Where in the data below does the word "regeling" appear? Copy every line that has it.

# Source data
________________________

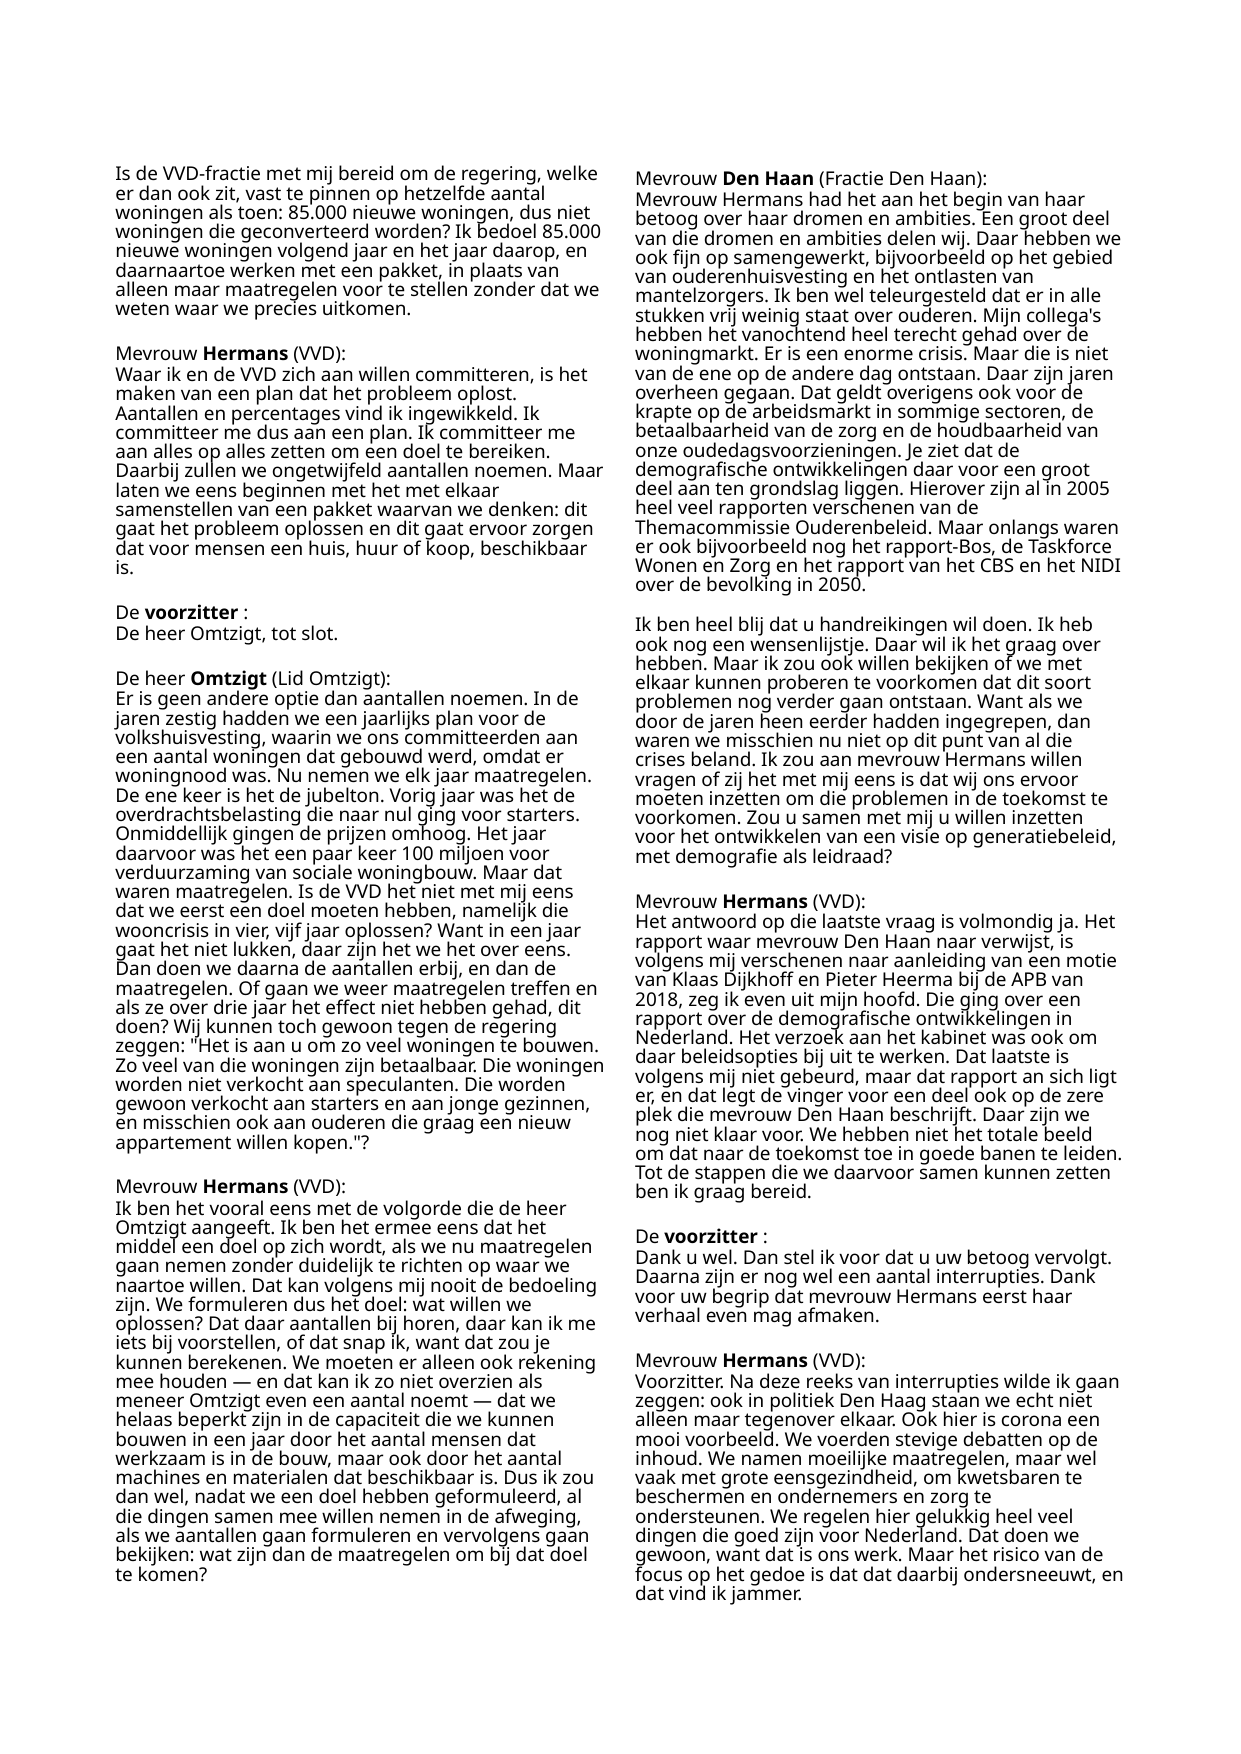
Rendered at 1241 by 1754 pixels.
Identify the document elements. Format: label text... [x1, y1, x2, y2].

text Het antwoord op die laatste vraag is volmondig ja. Het rapport waar mevrouw Den Haan naar verwijst, is volgens mij verschenen naar aanleiding van een motie van Klaas Dijkhoff en Pieter Heerma bij de APB van 2018, zeg ik even uit mijn hoofd. Die ging over een rapport over de demografische ontwikkelingen in Nederland. Het verzoek aan het kabinet was ook om daar beleidsopties bij uit te werken. Dat laatste is volgens mij niet gebeurd, maar dat rapport an sich ligt er, en dat legt de vinger voor een deel ook op de zere plek die mevrouw Den Haan beschrijft. Daar zijn we nog niet klaar voor. We hebben niet het totale beeld om dat naar de toekomst toe in goede banen te leiden. Tot de stappen die we daarvoor samen kunnen zetten ben ik graag bereid. [635, 913, 1125, 1203]
text Dank u wel. Dan stel ik voor dat u uw betoog vervolgt. Daarna zijn er nog wel een aantal interrupties. Dank voor uw begrip dat mevrouw Hermans eerst haar verhaal even mag afmaken. [635, 1249, 1125, 1326]
text Mevrouw Hermans had het aan het begin van haar betoog over haar dromen en ambities. Een groot deel van die dromen en ambities delen wij. Daar hebben we ook fijn op samengewerkt, bijvoorbeeld op het gebied van ouderenhuisvesting en het ontlasten van mantelzorgers. Ik ben wel teleurgesteld dat er in alle stukken vrij weinig staat over ouderen. Mijn collega's hebben het vanochtend heel terecht gehad over de woningmarkt. Er is een enorme crisis. Maar die is niet van de ene op de andere dag ontstaan. Daar zijn jaren overheen gegaan. Dat geldt overigens ook voor de krapte op de arbeidsmarkt in sommige sectoren, de betaalbaarheid van de zorg en de houdbaarheid van onze oudedagsvoorzieningen. Je ziet dat de demografische ontwikkelingen daar voor een groot deel aan ten grondslag liggen. Hierover zijn al in 2005 heel veel rapporten verschenen van de Themacommissie Ouderenbeleid. Maar onlangs waren er ook bijvoorbeeld nog het rapport-Bos, de Taskforce Wonen en Zorg en het rapport van het CBS en het NIDI over de bevolking in 2050. [635, 191, 1125, 596]
text Mevrouw Hermans (VVD): [115, 1174, 605, 1199]
text De heer Omtzigt (Lid Omtzigt): [115, 665, 605, 690]
text Mevrouw Den Haan (Fractie Den Haan): [635, 165, 1125, 191]
text Er is geen andere optie dan aantallen noemen. In de jaren zestig hadden we een jaarlijks plan voor de volkshuisvesting, waarin we ons committeerden aan een aantal woningen dat gebouwd werd, omdat er woningnood was. Nu nemen we elk jaar maatregelen. De ene keer is het de jubelton. Vorig jaar was het de overdrachtsbelasting die naar nul ging voor starters. Onmiddellijk gingen de prijzen omhoog. Het jaar daarvoor was het een paar keer 100 miljoen voor verduurzaming van sociale woningbouw. Maar dat waren maatregelen. Is de VVD het niet met mij eens dat we eerst een doel moeten hebben, namelijk die wooncrisis in vier, vijf jaar oplossen? Want in een jaar gaat het niet lukken, daar zijn het we het over eens. Dan doen we daarna de aantallen erbij, en dan de maatregelen. Of gaan we weer maatregelen treffen en als ze over drie jaar het effect niet hebben gehad, dit doen? Wij kunnen toch gewoon tegen de regering zeggen: "Het is aan u om zo veel woningen te bouwen. Zo veel van die woningen zijn betaalbaar. Die woningen worden niet verkocht aan speculanten. Die worden gewoon verkocht aan starters en aan jonge gezinnen, en misschien ook aan ouderen die graag een nieuw appartement willen kopen."? [115, 690, 605, 1153]
text Waar ik en de VVD zich aan willen committeren, is het maken van een plan dat het probleem oplost. Aantallen en percentages vind ik ingewikkeld. Ik committeer me dus aan een plan. Ik committeer me aan alles op alles zetten om een doel te bereiken. Daarbij zullen we ongetwijfeld aantallen noemen. Maar laten we eens beginnen met het met elkaar samenstellen van een pakket waarvan we denken: dit gaat het probleem oplossen en dit gaat ervoor zorgen dat voor mensen een huis, huur of koop, beschikbaar is. [115, 366, 605, 578]
text Voorzitter. Na deze reeks van interrupties wilde ik gaan zeggen: ook in politiek Den Haag staan we echt niet alleen maar tegenover elkaar. Ook hier is corona een mooi voorbeeld. We voerden stevige debatten op de inhoud. We namen moeilijke maatregelen, maar wel vaak met grote eensgezindheid, om kwetsbaren te beschermen en ondernemers en zorg te ondersteunen. We regelen hier gelukkig heel veel dingen die goed zijn voor Nederland. Dat doen we gewoon, want dat is ons werk. Maar het risico van de focus op het gedoe is dat dat daarbij ondersneeuwt, en dat vind ik jammer. [635, 1373, 1125, 1604]
text De voorzitter : [115, 599, 605, 624]
text Ik ben heel blij dat u handreikingen wil doen. Ik heb ook nog een wensenlijstje. Daar wil ik het graag over hebben. Maar ik zou ook willen bekijken of we met elkaar kunnen proberen te voorkomen dat dit soort problemen nog verder gaan ontstaan. Want als we door de jaren heen eerder hadden ingegrepen, dan waren we misschien nu niet op dit punt van al die crises beland. Ik zou aan mevrouw Hermans willen vragen of zij het met mij eens is dat wij ons ervoor moeten inzetten om die problemen in de toekomst te voorkomen. Zou u samen met mij u willen inzetten voor het ontwikkelen van een visie op generatiebeleid, met demografie als leidraad? [635, 616, 1125, 867]
text Ik ben het vooral eens met de volgorde die de heer Omtzigt aangeeft. Ik ben het ermee eens dat het middel een doel op zich wordt, als we nu maatregelen gaan nemen zonder duidelijk te richten op waar we naartoe willen. Dat kan volgens mij nooit de bedoeling zijn. We formuleren dus het doel: wat willen we oplossen? Dat daar aantallen bij horen, daar kan ik me iets bij voorstellen, of dat snap ik, want dat zou je kunnen berekenen. We moeten er alleen ook rekening mee houden — en dat kan ik zo niet overzien als meneer Omtzigt even een aantal noemt — dat we helaas beperkt zijn in de capaciteit die we kunnen bouwen in een jaar door het aantal mensen dat werkzaam is in de bouw, maar ook door het aantal machines en materialen dat beschikbaar is. Dus ik zou dan wel, nadat we een doel hebben geformuleerd, al die dingen samen mee willen nemen in de afweging, als we aantallen gaan formuleren en vervolgens gaan bekijken: wat zijn dan de maatregelen om bij dat doel te komen? [115, 1199, 605, 1585]
text Is de VVD-fractie met mij bereid om de regering, welke er dan ook zit, vast te pinnen op hetzelfde aantal woningen als toen: 85.000 nieuwe woningen, dus niet woningen die geconverteerd worden? Ik bedoel 85.000 nieuwe woningen volgend jaar en het jaar daarop, en daarnaartoe werken met een pakket, in plaats van alleen maar maatregelen voor te stellen zonder dat we weten waar we precies uitkomen. [115, 165, 605, 319]
text De heer Omtzigt, tot slot. [115, 624, 605, 644]
text Mevrouw Hermans (VVD): [635, 1347, 1125, 1373]
text Mevrouw Hermans (VVD): [115, 340, 605, 366]
text De voorzitter : [635, 1223, 1125, 1249]
text Mevrouw Hermans (VVD): [635, 888, 1125, 913]
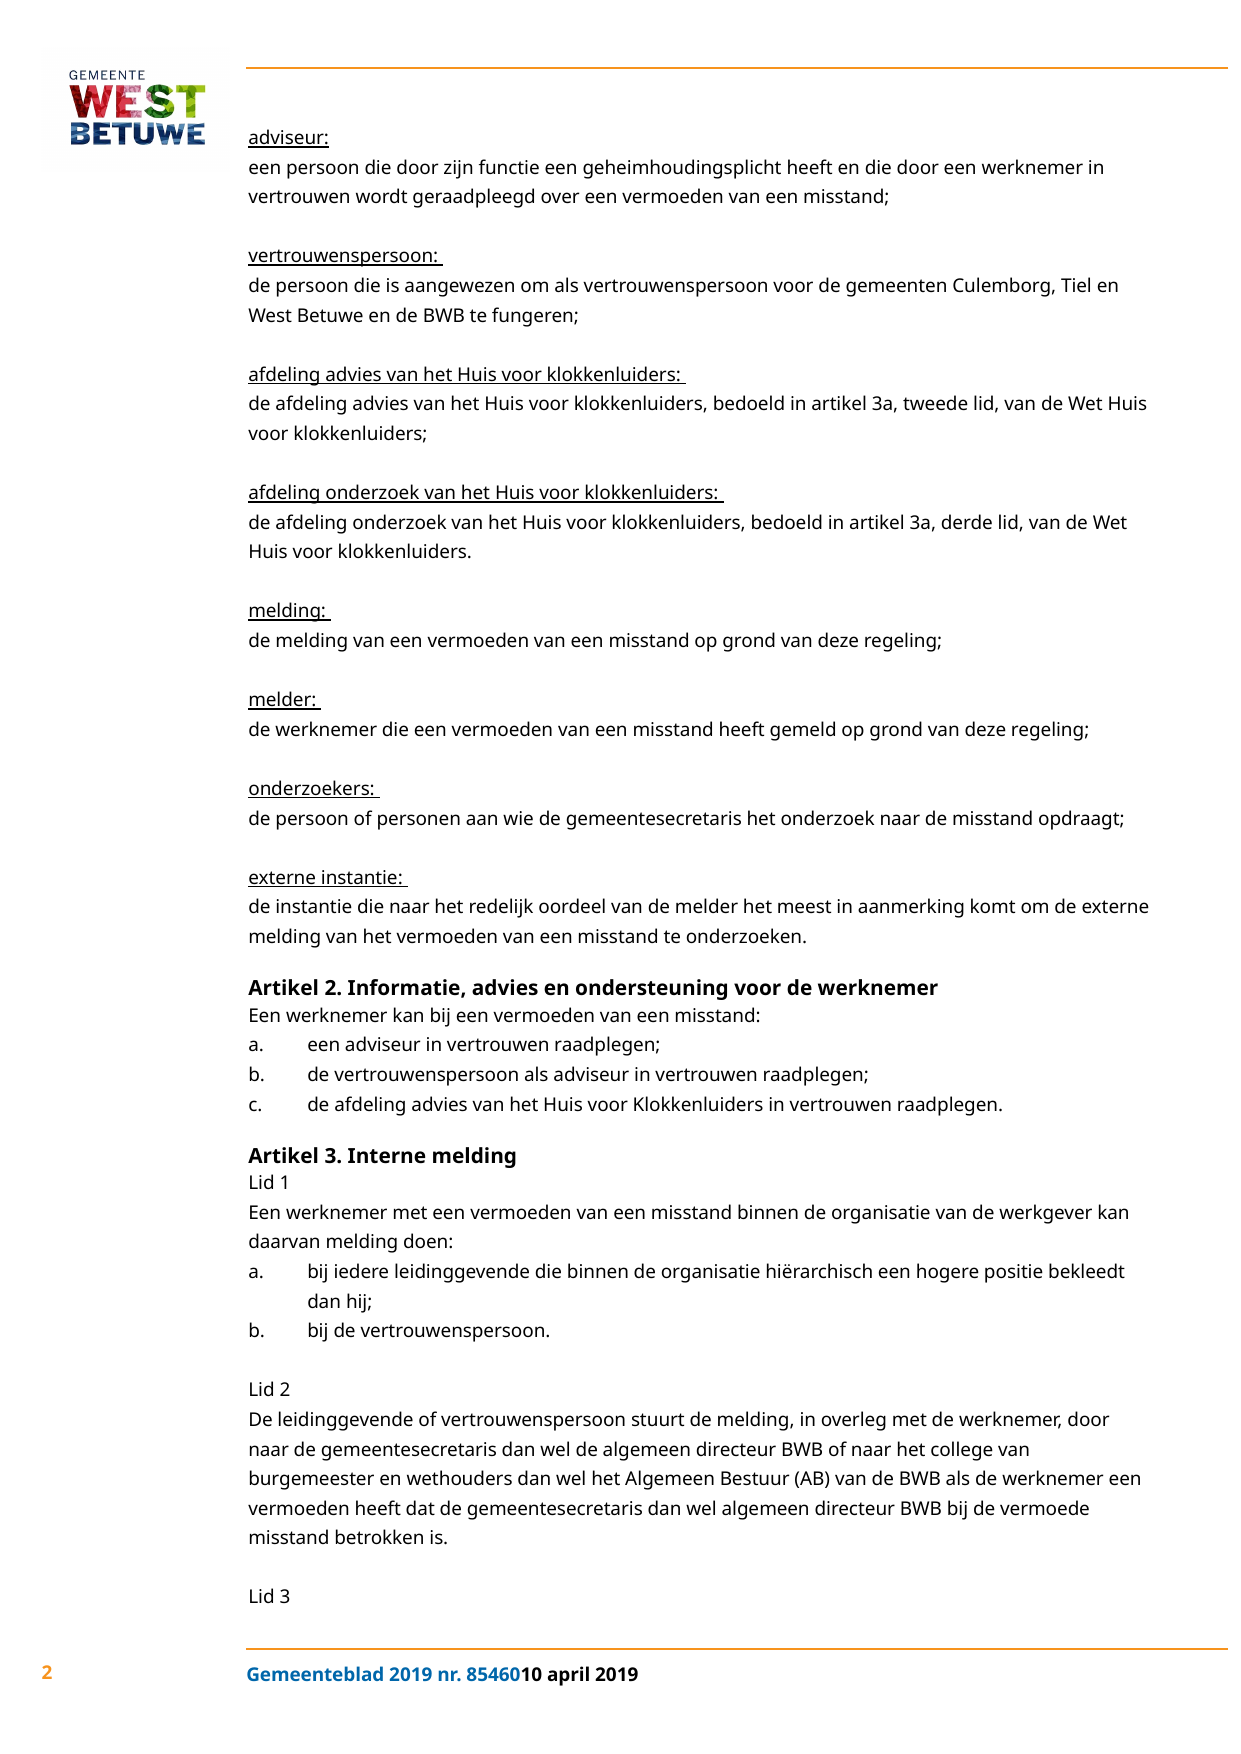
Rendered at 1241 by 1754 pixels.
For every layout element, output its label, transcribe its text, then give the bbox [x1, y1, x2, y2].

text vertrouwenspersoon: [248, 243, 1152, 268]
picture [41, 47, 231, 172]
text melding: [248, 598, 1152, 623]
text de afdeling onderzoek van het Huis voor klokkenluiders, bedoeld in artikel 3a, derde lid, van de Wet Huis voor klokkenluiders. [248, 509, 1152, 564]
text Artikel 3. Interne melding [248, 1141, 1152, 1169]
list een adviseur in vertrouwen raadplegen; [248, 1032, 1152, 1057]
text onderzoekers: [248, 775, 1152, 801]
list bij de vertrouwenspersoon. [248, 1317, 1152, 1343]
text de melding van een vermoeden van een misstand op grond van deze regeling; [248, 627, 1152, 653]
text de afdeling advies van het Huis voor klokkenluiders, bedoeld in artikel 3a, tweede lid, van de Wet Huis voor klokkenluiders; [248, 391, 1152, 446]
text de instantie die naar het redelijk oordeel van de melder het meest in aanmerking komt om de externe melding van het vermoeden van een misstand te onderzoeken. [248, 893, 1152, 949]
text melder: [248, 686, 1152, 712]
text de werknemer die een vermoeden van een misstand heeft gemeld op grond van deze regeling; [248, 716, 1152, 742]
text Een werknemer met een vermoeden van een misstand binnen de organisatie van de werkgever kan daarvan melding doen: [248, 1199, 1152, 1254]
text de persoon die is aangewezen om als vertrouwenspersoon voor de gemeenten Culemborg, Tiel en West Betuwe en de BWB te fungeren; [248, 272, 1152, 328]
text afdeling advies van het Huis voor klokkenluiders: [248, 361, 1152, 387]
text Lid 1 [248, 1169, 1152, 1195]
text adviseur: [248, 124, 1152, 150]
text externe instantie: [248, 864, 1152, 890]
text Artikel 2. Informatie, advies en ondersteuning voor de werknemer [248, 973, 1152, 1002]
list de vertrouwenspersoon als adviseur in vertrouwen raadplegen; [248, 1061, 1152, 1087]
text Een werknemer kan bij een vermoeden van een misstand: [248, 1002, 1152, 1028]
text Lid 2 [248, 1377, 1152, 1402]
text Lid 3 [248, 1584, 1152, 1609]
text de persoon of personen aan wie de gemeentesecretaris het onderzoek naar de misstand opdraagt; [248, 805, 1152, 831]
text De leidinggevende of vertrouwenspersoon stuurt de melding, in overleg met de werknemer, door naar de gemeentesecretaris dan wel de algemeen directeur BWB of naar het college van burgemeester en wethouders dan wel het Algemeen Bestuur (AB) van de BWB als de werknemer een vermoeden heeft dat de gemeentesecretaris dan wel algemeen directeur BWB bij de vermoede misstand betrokken is. [248, 1406, 1152, 1550]
list bij iedere leidinggevende die binnen de organisatie hiërarchisch een hogere positie bekleedt dan hij; [248, 1258, 1152, 1314]
text een persoon die door zijn functie een geheimhoudingsplicht heeft en die door een werknemer in vertrouwen wordt geraadpleegd over een vermoeden van een misstand; [248, 154, 1152, 209]
text afdeling onderzoek van het Huis voor klokkenluiders: [248, 479, 1152, 505]
list de afdeling advies van het Huis voor Klokkenluiders in vertrouwen raadplegen. [248, 1091, 1152, 1116]

________________________

# Exercise output
text de melding van een vermoeden van een misstand op grond van deze regeling; [248, 627, 1152, 653]
text de werknemer die een vermoeden van een misstand heeft gemeld op grond van deze regeling; [248, 716, 1152, 742]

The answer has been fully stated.